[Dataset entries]
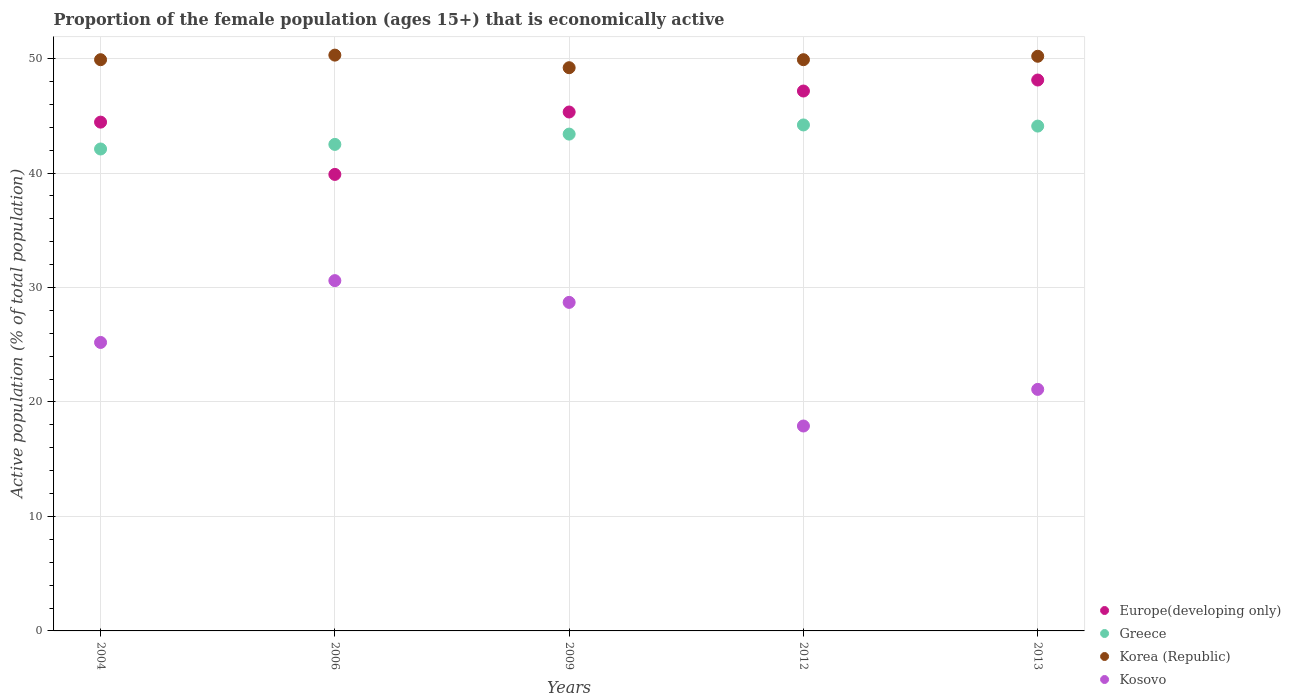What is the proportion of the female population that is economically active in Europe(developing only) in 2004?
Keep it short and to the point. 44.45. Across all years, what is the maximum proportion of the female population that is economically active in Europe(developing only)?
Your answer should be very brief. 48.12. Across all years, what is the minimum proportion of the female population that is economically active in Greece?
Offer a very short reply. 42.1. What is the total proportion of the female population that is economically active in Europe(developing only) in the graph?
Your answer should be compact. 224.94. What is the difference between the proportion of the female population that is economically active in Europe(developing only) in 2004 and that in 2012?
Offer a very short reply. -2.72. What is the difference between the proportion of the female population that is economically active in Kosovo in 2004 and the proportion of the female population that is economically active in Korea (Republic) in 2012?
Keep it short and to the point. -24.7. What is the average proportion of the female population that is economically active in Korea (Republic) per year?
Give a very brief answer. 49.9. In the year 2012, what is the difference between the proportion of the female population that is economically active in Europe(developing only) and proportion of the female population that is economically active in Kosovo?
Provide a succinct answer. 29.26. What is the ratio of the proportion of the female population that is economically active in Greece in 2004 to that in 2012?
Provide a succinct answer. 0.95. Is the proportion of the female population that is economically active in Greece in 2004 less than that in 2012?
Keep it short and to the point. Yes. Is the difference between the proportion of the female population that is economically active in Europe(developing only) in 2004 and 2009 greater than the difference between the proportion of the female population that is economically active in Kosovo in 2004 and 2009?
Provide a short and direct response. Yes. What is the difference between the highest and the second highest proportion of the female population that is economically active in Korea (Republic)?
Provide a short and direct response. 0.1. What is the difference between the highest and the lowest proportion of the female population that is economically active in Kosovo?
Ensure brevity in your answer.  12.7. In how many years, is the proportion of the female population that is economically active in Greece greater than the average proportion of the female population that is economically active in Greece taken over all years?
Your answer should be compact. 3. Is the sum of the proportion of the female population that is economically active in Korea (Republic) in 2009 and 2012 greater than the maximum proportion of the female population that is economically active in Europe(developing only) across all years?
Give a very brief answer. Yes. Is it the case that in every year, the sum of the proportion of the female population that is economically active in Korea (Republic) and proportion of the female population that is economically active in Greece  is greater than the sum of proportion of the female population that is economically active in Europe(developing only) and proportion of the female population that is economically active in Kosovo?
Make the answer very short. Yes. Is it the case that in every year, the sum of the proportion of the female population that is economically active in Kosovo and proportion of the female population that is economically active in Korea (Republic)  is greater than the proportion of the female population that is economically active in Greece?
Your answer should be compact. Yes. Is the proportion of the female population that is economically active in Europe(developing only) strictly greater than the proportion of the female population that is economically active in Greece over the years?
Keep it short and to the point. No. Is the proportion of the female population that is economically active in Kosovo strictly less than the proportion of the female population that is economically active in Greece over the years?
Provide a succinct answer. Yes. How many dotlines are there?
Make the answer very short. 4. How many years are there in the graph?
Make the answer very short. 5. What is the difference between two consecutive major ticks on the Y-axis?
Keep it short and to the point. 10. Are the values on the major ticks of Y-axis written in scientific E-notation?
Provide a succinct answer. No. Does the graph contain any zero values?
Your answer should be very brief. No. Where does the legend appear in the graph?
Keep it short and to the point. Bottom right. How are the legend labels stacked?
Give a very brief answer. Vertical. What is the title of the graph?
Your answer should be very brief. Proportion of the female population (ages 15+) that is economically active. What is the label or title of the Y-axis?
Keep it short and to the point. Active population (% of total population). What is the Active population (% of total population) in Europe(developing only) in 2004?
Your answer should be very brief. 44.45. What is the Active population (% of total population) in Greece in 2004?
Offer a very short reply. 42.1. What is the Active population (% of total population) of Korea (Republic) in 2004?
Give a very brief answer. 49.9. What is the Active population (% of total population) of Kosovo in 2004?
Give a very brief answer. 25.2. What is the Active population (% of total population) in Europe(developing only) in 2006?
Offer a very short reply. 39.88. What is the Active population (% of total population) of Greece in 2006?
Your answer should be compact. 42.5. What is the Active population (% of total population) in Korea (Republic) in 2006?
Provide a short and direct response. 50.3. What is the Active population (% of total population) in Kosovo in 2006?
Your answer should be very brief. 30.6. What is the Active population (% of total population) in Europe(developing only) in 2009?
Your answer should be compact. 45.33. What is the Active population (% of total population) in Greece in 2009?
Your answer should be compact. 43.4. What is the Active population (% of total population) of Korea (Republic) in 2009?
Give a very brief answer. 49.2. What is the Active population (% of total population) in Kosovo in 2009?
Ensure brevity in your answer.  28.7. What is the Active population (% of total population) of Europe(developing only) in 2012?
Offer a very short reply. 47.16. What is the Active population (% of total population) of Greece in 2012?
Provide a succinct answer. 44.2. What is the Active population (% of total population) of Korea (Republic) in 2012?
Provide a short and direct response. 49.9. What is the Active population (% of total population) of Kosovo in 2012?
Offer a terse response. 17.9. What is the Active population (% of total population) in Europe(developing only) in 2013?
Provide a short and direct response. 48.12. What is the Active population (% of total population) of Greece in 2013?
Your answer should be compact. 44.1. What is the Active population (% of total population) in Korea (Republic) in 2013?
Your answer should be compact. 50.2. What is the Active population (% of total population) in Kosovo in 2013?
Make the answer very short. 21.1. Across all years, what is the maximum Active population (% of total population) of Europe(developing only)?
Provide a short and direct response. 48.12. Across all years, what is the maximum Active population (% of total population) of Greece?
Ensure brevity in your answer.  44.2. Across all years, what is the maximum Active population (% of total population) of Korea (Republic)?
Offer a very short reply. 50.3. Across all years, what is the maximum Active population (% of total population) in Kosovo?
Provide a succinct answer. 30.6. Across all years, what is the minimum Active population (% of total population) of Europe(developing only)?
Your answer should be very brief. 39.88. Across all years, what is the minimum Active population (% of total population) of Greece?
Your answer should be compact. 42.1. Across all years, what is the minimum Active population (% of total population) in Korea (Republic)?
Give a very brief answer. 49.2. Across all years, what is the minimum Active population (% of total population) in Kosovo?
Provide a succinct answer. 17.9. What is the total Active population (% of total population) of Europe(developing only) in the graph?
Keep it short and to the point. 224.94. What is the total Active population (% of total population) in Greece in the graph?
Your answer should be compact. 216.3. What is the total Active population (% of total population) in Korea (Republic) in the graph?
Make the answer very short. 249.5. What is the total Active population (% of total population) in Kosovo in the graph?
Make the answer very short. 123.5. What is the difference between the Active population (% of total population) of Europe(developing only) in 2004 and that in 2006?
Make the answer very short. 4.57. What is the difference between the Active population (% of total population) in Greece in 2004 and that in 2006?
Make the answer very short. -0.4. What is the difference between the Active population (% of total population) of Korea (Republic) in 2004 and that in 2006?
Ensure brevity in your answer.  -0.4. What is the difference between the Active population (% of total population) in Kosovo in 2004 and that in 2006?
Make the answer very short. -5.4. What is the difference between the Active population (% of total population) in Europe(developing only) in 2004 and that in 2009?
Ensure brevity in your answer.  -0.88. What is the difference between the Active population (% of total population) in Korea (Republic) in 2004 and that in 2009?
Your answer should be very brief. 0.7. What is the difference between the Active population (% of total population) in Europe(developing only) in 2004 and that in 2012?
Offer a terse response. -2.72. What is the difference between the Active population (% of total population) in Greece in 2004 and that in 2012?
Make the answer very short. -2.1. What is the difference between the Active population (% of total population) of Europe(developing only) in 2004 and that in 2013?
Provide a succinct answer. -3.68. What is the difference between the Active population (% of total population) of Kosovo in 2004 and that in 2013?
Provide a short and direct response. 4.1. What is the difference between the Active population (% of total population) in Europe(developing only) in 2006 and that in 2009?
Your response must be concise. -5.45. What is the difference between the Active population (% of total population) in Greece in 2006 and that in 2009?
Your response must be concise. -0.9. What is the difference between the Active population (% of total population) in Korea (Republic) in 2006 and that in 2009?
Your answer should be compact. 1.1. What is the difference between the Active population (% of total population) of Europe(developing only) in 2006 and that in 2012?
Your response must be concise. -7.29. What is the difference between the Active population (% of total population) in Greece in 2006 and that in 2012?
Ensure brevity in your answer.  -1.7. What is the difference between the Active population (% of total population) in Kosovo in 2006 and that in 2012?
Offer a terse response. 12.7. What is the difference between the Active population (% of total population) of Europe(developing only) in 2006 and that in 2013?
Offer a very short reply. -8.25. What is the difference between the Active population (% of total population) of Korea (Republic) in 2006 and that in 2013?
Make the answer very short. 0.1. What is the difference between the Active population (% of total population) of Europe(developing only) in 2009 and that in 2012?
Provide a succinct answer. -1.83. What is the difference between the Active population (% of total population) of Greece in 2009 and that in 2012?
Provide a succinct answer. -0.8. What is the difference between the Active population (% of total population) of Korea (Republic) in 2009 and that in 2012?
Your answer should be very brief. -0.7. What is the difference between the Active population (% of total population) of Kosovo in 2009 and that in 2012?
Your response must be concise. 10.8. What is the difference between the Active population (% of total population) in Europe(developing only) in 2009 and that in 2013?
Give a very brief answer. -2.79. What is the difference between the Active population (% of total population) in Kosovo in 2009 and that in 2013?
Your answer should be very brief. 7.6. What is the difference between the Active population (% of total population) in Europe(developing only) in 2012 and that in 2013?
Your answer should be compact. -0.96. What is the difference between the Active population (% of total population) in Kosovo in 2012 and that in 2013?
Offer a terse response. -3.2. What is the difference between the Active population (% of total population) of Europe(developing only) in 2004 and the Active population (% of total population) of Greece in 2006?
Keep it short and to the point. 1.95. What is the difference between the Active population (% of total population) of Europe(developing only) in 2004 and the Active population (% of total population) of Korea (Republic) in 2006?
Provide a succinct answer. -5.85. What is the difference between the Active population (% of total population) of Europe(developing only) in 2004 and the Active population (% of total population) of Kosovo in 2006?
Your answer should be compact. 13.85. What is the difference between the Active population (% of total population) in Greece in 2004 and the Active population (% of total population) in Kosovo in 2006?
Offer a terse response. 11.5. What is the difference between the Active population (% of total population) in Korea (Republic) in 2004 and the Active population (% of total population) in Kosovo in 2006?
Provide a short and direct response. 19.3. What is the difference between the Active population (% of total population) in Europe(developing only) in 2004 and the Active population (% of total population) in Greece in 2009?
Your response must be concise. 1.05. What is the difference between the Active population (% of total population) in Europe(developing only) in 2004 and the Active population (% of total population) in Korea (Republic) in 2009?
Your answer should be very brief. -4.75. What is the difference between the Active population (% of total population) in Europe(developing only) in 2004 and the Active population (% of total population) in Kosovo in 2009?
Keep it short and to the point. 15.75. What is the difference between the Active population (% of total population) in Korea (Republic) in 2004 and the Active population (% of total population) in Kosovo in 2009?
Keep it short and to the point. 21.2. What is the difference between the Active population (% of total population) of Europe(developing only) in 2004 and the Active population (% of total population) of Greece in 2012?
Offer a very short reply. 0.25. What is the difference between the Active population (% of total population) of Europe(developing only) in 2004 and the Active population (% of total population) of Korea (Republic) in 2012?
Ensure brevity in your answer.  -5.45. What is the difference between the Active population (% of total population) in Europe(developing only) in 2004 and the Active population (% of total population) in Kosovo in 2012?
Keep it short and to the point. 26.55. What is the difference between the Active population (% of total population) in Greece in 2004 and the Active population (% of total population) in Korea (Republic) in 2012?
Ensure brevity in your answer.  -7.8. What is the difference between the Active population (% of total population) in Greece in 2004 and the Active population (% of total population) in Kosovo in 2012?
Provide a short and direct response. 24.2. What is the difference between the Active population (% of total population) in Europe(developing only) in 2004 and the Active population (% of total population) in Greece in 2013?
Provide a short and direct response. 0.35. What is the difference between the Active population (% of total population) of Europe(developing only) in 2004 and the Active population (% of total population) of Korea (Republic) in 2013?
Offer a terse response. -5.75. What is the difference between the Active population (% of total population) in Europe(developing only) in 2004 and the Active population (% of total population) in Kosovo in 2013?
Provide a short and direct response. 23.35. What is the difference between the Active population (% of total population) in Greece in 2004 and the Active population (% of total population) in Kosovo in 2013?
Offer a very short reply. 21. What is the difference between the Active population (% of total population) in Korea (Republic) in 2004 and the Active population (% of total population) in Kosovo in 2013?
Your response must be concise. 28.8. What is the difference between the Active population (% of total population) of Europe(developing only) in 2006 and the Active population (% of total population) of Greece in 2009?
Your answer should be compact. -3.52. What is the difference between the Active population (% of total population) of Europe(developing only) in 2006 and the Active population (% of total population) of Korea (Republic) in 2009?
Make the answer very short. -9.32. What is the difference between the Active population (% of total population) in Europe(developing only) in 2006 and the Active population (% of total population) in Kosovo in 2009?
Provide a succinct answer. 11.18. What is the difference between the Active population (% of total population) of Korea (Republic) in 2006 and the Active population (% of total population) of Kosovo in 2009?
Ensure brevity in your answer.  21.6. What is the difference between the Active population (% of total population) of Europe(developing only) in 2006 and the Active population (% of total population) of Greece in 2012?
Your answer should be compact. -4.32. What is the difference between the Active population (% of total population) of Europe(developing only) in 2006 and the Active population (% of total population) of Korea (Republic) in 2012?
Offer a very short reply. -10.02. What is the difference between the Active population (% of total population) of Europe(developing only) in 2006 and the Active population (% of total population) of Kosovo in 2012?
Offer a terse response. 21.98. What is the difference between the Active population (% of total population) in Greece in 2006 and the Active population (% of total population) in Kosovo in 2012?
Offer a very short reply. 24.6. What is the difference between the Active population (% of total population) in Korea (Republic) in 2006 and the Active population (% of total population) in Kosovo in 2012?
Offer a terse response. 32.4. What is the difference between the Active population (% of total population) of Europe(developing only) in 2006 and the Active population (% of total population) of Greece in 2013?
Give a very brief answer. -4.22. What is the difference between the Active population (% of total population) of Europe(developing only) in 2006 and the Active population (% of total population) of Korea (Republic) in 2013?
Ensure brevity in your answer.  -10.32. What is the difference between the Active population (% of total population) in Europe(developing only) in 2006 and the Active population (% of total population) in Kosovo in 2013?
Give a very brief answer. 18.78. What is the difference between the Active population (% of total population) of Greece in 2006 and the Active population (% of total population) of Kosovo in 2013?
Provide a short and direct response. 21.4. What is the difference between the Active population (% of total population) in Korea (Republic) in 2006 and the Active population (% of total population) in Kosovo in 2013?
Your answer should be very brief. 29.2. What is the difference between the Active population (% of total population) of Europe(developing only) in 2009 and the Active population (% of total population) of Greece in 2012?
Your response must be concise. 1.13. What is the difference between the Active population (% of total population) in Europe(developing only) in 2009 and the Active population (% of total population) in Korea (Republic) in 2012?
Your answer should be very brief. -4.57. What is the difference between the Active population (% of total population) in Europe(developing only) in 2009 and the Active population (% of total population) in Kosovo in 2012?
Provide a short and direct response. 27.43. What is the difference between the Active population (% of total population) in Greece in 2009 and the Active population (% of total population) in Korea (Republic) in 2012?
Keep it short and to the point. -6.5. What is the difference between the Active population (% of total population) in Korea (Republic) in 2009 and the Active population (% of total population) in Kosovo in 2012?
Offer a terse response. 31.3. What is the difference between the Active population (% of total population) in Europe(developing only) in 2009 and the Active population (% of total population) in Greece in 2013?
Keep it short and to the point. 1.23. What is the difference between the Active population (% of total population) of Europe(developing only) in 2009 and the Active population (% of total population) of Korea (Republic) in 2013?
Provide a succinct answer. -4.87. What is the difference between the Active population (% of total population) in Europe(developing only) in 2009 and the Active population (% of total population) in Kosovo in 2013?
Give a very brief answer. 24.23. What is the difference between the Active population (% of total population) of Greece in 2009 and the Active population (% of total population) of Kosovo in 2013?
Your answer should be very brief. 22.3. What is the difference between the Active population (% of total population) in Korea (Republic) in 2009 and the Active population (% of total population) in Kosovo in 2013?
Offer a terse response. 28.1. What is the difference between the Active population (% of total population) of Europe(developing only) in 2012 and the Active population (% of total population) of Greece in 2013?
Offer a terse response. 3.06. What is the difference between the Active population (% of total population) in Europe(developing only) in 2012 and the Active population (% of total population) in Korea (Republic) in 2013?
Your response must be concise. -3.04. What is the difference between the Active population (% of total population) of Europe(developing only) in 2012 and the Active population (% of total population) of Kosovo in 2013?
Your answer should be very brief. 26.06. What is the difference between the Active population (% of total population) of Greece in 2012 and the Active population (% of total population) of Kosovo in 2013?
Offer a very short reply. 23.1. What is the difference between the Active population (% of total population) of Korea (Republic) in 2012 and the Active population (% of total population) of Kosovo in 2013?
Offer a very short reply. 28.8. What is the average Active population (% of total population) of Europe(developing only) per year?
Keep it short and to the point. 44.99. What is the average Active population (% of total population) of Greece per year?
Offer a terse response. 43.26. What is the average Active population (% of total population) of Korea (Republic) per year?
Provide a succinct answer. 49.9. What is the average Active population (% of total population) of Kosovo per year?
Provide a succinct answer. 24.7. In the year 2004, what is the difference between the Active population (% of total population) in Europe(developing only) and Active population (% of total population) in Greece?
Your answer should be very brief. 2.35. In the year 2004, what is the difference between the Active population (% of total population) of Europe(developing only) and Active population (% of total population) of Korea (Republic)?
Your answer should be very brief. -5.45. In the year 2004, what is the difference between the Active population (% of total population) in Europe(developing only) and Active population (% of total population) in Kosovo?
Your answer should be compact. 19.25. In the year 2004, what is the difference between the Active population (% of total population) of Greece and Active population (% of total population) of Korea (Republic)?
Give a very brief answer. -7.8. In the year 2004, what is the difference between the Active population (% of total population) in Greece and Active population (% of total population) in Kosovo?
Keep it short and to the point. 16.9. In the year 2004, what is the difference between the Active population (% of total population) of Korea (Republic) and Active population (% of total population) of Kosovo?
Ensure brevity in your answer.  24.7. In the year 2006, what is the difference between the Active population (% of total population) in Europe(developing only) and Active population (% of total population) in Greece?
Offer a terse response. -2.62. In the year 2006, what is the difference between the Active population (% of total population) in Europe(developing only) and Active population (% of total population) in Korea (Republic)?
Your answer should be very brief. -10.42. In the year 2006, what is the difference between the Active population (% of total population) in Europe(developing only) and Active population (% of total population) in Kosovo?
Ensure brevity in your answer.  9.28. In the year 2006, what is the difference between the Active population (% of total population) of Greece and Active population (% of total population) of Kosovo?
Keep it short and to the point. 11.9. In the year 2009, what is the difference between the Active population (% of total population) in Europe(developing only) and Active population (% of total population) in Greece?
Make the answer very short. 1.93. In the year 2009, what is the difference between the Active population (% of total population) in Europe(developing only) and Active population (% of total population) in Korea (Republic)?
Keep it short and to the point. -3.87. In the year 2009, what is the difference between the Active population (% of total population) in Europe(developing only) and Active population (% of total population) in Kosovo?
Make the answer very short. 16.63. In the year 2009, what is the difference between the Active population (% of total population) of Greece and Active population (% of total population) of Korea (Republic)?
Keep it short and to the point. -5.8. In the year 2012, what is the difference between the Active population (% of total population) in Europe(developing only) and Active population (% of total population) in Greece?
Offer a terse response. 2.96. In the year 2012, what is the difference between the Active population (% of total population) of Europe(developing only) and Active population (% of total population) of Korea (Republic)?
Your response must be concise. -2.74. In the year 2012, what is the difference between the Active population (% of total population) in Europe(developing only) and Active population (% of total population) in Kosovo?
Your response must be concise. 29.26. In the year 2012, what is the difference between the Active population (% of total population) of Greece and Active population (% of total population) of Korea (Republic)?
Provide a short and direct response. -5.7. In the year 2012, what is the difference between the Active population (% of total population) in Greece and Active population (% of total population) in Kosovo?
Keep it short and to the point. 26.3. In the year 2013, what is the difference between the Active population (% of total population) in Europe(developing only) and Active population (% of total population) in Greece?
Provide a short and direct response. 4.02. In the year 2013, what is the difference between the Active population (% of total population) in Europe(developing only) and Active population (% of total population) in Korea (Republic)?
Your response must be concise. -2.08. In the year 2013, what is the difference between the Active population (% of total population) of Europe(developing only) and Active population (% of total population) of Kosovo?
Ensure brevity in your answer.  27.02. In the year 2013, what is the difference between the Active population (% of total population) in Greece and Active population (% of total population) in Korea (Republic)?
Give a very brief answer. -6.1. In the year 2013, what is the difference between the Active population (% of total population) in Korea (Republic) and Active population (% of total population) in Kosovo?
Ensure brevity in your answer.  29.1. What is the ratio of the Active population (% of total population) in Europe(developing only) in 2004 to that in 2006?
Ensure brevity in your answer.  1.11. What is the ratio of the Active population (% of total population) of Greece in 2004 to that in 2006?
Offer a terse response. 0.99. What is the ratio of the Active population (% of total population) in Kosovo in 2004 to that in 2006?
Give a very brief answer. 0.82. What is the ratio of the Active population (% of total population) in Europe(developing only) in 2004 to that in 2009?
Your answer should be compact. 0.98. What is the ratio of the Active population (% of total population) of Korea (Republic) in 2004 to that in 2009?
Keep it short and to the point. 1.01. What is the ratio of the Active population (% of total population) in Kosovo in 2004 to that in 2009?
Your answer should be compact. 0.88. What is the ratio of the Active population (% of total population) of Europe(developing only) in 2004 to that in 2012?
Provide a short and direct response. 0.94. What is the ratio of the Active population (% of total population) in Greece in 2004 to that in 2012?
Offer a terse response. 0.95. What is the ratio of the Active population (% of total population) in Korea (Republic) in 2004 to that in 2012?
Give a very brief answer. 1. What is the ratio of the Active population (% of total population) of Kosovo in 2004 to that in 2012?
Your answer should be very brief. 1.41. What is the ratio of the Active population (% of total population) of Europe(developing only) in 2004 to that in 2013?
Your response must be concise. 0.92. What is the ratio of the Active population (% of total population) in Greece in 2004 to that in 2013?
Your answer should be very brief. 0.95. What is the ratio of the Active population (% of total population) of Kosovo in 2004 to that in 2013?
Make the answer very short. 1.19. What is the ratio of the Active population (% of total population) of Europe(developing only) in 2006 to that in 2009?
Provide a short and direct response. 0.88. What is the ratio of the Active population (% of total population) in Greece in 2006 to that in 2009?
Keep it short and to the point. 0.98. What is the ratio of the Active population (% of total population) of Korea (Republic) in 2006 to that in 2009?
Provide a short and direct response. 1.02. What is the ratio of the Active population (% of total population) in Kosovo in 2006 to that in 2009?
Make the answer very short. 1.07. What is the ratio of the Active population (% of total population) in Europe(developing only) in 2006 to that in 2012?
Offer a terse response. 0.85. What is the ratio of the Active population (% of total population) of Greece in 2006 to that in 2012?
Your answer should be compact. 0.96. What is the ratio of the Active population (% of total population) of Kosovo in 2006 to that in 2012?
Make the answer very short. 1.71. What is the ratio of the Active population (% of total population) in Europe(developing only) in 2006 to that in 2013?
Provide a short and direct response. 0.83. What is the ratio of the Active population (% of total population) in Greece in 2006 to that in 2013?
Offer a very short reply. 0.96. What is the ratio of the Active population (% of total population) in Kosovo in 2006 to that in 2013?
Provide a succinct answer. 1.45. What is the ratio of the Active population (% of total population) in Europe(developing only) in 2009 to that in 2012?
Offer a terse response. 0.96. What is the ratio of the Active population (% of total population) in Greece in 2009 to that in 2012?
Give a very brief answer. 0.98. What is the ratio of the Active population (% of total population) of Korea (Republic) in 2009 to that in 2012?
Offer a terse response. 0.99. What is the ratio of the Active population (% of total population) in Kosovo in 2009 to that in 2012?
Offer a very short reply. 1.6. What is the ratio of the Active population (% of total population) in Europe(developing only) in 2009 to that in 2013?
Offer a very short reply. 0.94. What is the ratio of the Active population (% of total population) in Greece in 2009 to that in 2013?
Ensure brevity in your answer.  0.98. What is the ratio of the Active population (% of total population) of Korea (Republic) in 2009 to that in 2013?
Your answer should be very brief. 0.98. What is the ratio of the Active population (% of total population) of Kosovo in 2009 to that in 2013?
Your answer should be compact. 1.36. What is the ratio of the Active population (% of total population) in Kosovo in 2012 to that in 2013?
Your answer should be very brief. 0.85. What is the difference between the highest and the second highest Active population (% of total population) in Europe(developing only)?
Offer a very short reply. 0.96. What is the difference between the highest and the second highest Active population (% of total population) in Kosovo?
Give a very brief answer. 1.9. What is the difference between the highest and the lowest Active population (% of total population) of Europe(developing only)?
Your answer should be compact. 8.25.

YOUR OBJECTIVE ▸ The expected output is an exact copy of the lines from the top of the data above through the line containing "Keep it short and to the point. Yes.", both included, with every picture omitted.

RESPONSE AREA ▸
What is the proportion of the female population that is economically active in Europe(developing only) in 2004?
Keep it short and to the point. 44.45. Across all years, what is the maximum proportion of the female population that is economically active in Europe(developing only)?
Your answer should be very brief. 48.12. Across all years, what is the minimum proportion of the female population that is economically active in Greece?
Offer a very short reply. 42.1. What is the total proportion of the female population that is economically active in Europe(developing only) in the graph?
Your answer should be compact. 224.94. What is the difference between the proportion of the female population that is economically active in Europe(developing only) in 2004 and that in 2012?
Offer a very short reply. -2.72. What is the difference between the proportion of the female population that is economically active in Kosovo in 2004 and the proportion of the female population that is economically active in Korea (Republic) in 2012?
Keep it short and to the point. -24.7. What is the average proportion of the female population that is economically active in Korea (Republic) per year?
Give a very brief answer. 49.9. In the year 2012, what is the difference between the proportion of the female population that is economically active in Europe(developing only) and proportion of the female population that is economically active in Kosovo?
Provide a succinct answer. 29.26. What is the ratio of the proportion of the female population that is economically active in Greece in 2004 to that in 2012?
Provide a succinct answer. 0.95. Is the proportion of the female population that is economically active in Greece in 2004 less than that in 2012?
Keep it short and to the point. Yes. Is the difference between the proportion of the female population that is economically active in Europe(developing only) in 2004 and 2009 greater than the difference between the proportion of the female population that is economically active in Kosovo in 2004 and 2009?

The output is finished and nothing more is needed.